▶ _About this exercise_
Before repeating the entries below, strip out every picture and keep all else as it is.
┄┄┄┄┄┄┄┄┄┄
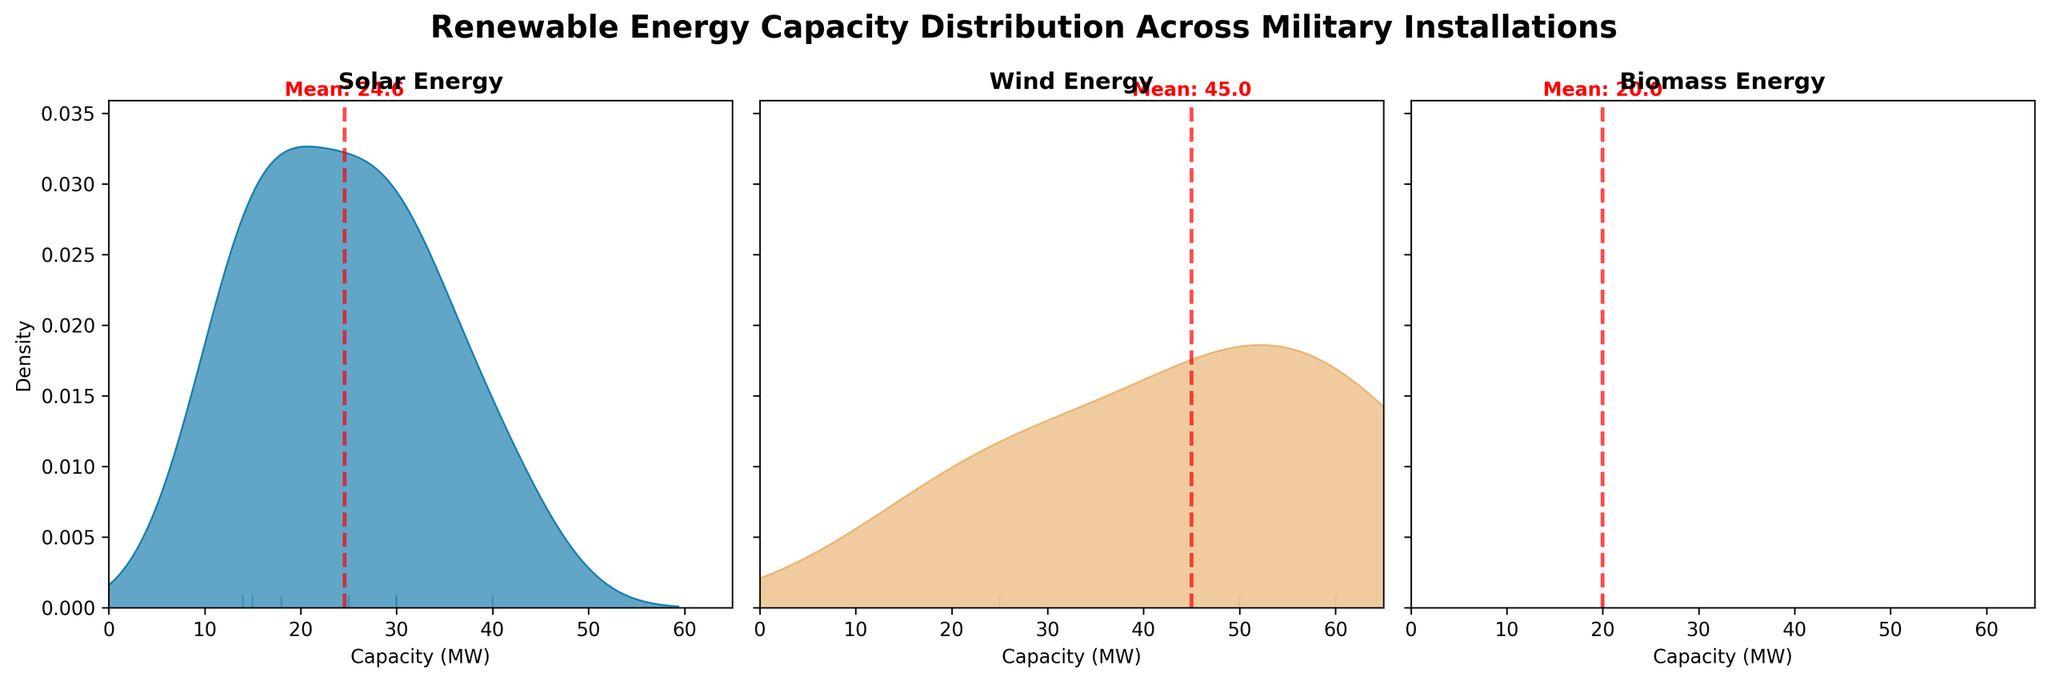What types of renewable energy sources are included in the density plots? The density plots display different renewable energy sources as labeled in the titles: Solar, Wind, and Biomass. By observing the titles of the subplots, we can see they are labeled "Solar Energy," "Wind Energy," and "Biomass Energy."
Answer: Solar, Wind, Biomass How is the average capacity represented in the density plots? In each density plot, the average capacity for that renewable energy source is represented by a red dashed vertical line with a text annotation indicating "Mean: [value]." This can be seen clearly for each type of energy in their respective subplots.
Answer: Red dashed line Which renewable energy source has the highest average capacity? To determine the renewable energy source with the highest average capacity, we compare the mean values indicated by the red dashed lines in each plot. The mean capacity for Wind is the highest, as marked on the respective plot.
Answer: Wind What is the mean capacity for Solar energy? The mean capacity is shown by the red dashed vertical line in the Solar energy plot. The text annotation next to this line reads "Mean: 24.6," indicating that the mean capacity for Solar energy is 24.6 MW.
Answer: 24.6 MW How does the distribution of capacity for Biomass compare to Solar? By looking at the density plots, the capacity distribution for Biomass is narrower and more concentrated around the lower MW values compared to Solar, which shows a wider distribution with peaks around different values.
Answer: Biomass is narrower, more concentrated Which energy type shows the widest range of capacity values? The energy type with the widest range of capacity values can be identified by the spread of the density plot. Wind shows the widest range, as the plot extends from around 25 MW to 60 MW.
Answer: Wind What does the shading under the curve in the density plots represent? The shading under the curve in the density plots represents the probability density of installations with different capacities. Darker shading indicates higher density, meaning more installations have those specific capacities.
Answer: Probability density Are there any outlier data points in the density plots? Rug plots at the bottom of each density plot show individual capacity data points. In the Wind plot, there are points away from the main cluster which could be considered as outliers. These data points lie far from the dense region under the curve.
Answer: Yes, in Wind How many installations have a capacity around 40 MW for Wind energy? The rug plot below the Wind density plot shows individual capacity data points. Observing the spikes around the 40 MW mark can give an approximate number of installations. There are no spikes around 40 MW in the Wind density plot, indicating there are no installations with around 40 MW.
Answer: None 
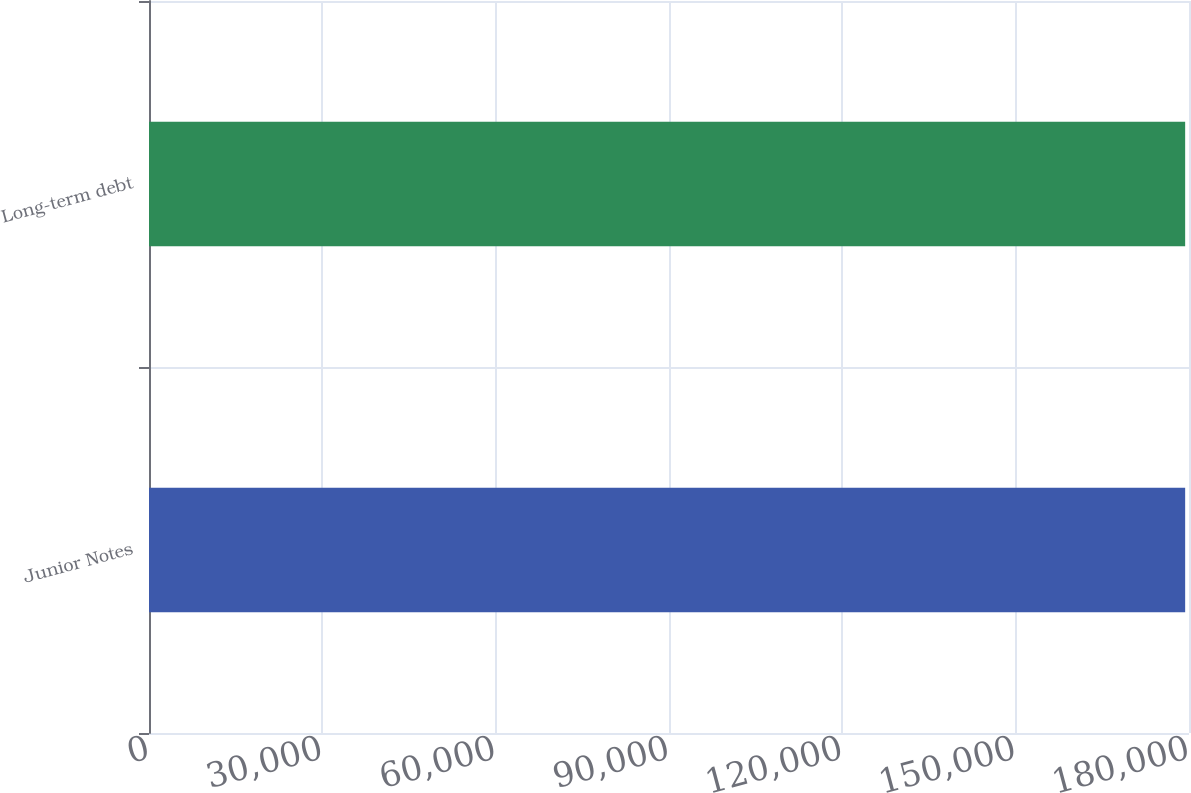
┄┄┄┄┄┄┄┄┄┄
▶ _Result_
What types of renewable energy sources are included in the density plots? The density plots display different renewable energy sources as labeled in the titles: Solar, Wind, and Biomass. By observing the titles of the subplots, we can see they are labeled "Solar Energy," "Wind Energy," and "Biomass Energy."
Answer: Solar, Wind, Biomass How is the average capacity represented in the density plots? In each density plot, the average capacity for that renewable energy source is represented by a red dashed vertical line with a text annotation indicating "Mean: [value]." This can be seen clearly for each type of energy in their respective subplots.
Answer: Red dashed line Which renewable energy source has the highest average capacity? To determine the renewable energy source with the highest average capacity, we compare the mean values indicated by the red dashed lines in each plot. The mean capacity for Wind is the highest, as marked on the respective plot.
Answer: Wind What is the mean capacity for Solar energy? The mean capacity is shown by the red dashed vertical line in the Solar energy plot. The text annotation next to this line reads "Mean: 24.6," indicating that the mean capacity for Solar energy is 24.6 MW.
Answer: 24.6 MW How does the distribution of capacity for Biomass compare to Solar? By looking at the density plots, the capacity distribution for Biomass is narrower and more concentrated around the lower MW values compared to Solar, which shows a wider distribution with peaks around different values.
Answer: Biomass is narrower, more concentrated Which energy type shows the widest range of capacity values? The energy type with the widest range of capacity values can be identified by the spread of the density plot. Wind shows the widest range, as the plot extends from around 25 MW to 60 MW.
Answer: Wind What does the shading under the curve in the density plots represent? The shading under the curve in the density plots represents the probability density of installations with different capacities. Darker shading indicates higher density, meaning more installations have those specific capacities.
Answer: Probability density Are there any outlier data points in the density plots? Rug plots at the bottom of each density plot show individual capacity data points. In the Wind plot, there are points away from the main cluster which could be considered as outliers. These data points lie far from the dense region under the curve.
Answer: Yes, in Wind How many installations have a capacity around 40 MW for Wind energy? The rug plot below the Wind density plot shows individual capacity data points. Observing the spikes around the 40 MW mark can give an approximate number of installations. There are no spikes around 40 MW in the Wind density plot, indicating there are no installations with around 40 MW.
Answer: None 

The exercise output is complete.